» Try it
The answer should consist of each line from the data below that includes "parse".

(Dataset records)
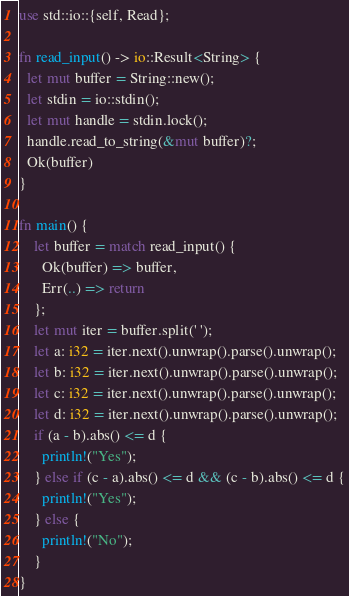<code> <loc_0><loc_0><loc_500><loc_500><_Rust_>use std::io::{self, Read};

fn read_input() -> io::Result<String> {
  let mut buffer = String::new();
  let stdin = io::stdin();
  let mut handle = stdin.lock();
  handle.read_to_string(&mut buffer)?;
  Ok(buffer)
}

fn main() {
    let buffer = match read_input() {
      Ok(buffer) => buffer,
      Err(..) => return
    };
    let mut iter = buffer.split(' ');
    let a: i32 = iter.next().unwrap().parse().unwrap();
    let b: i32 = iter.next().unwrap().parse().unwrap();
    let c: i32 = iter.next().unwrap().parse().unwrap();
    let d: i32 = iter.next().unwrap().parse().unwrap();
    if (a - b).abs() <= d {
      println!("Yes");
    } else if (c - a).abs() <= d && (c - b).abs() <= d {
      println!("Yes");
    } else {
      println!("No");
    }
}</code> 
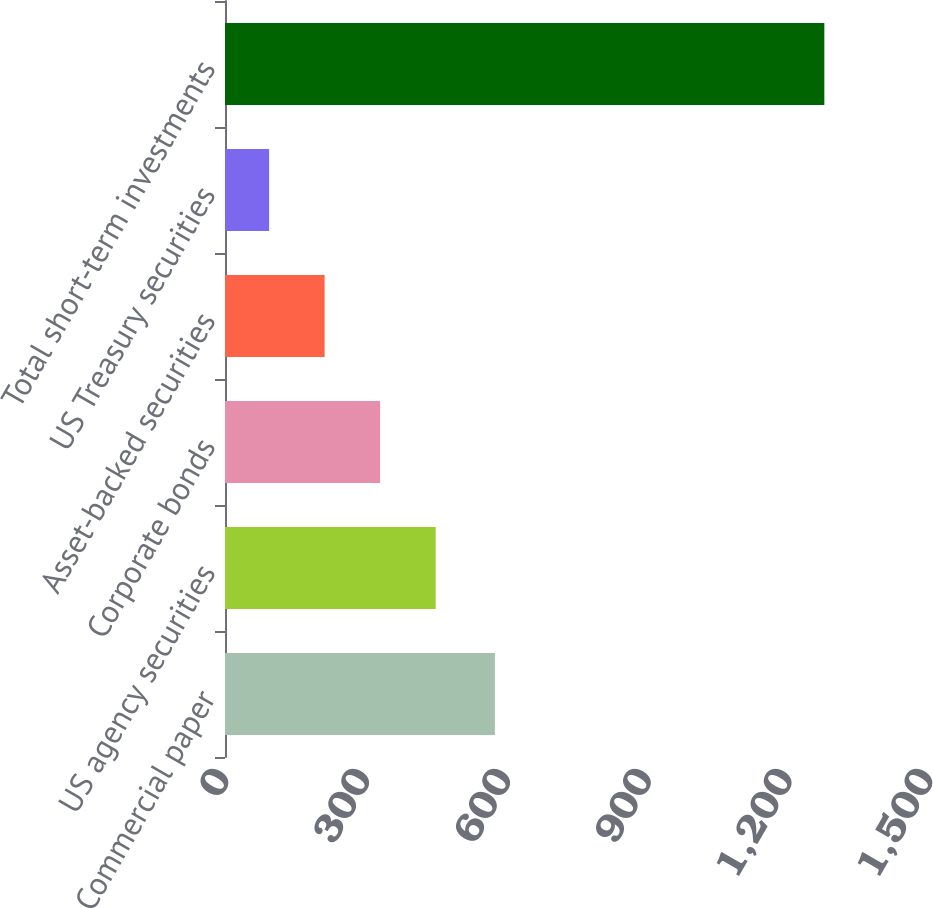<chart> <loc_0><loc_0><loc_500><loc_500><bar_chart><fcel>Commercial paper<fcel>US agency securities<fcel>Corporate bonds<fcel>Asset-backed securities<fcel>US Treasury securities<fcel>Total short-term investments<nl><fcel>575<fcel>448.9<fcel>330.6<fcel>212.3<fcel>94<fcel>1277<nl></chart>

» Solution for this problem
    let a: i32 = iter.next().unwrap().parse().unwrap();
    let b: i32 = iter.next().unwrap().parse().unwrap();
    let c: i32 = iter.next().unwrap().parse().unwrap();
    let d: i32 = iter.next().unwrap().parse().unwrap();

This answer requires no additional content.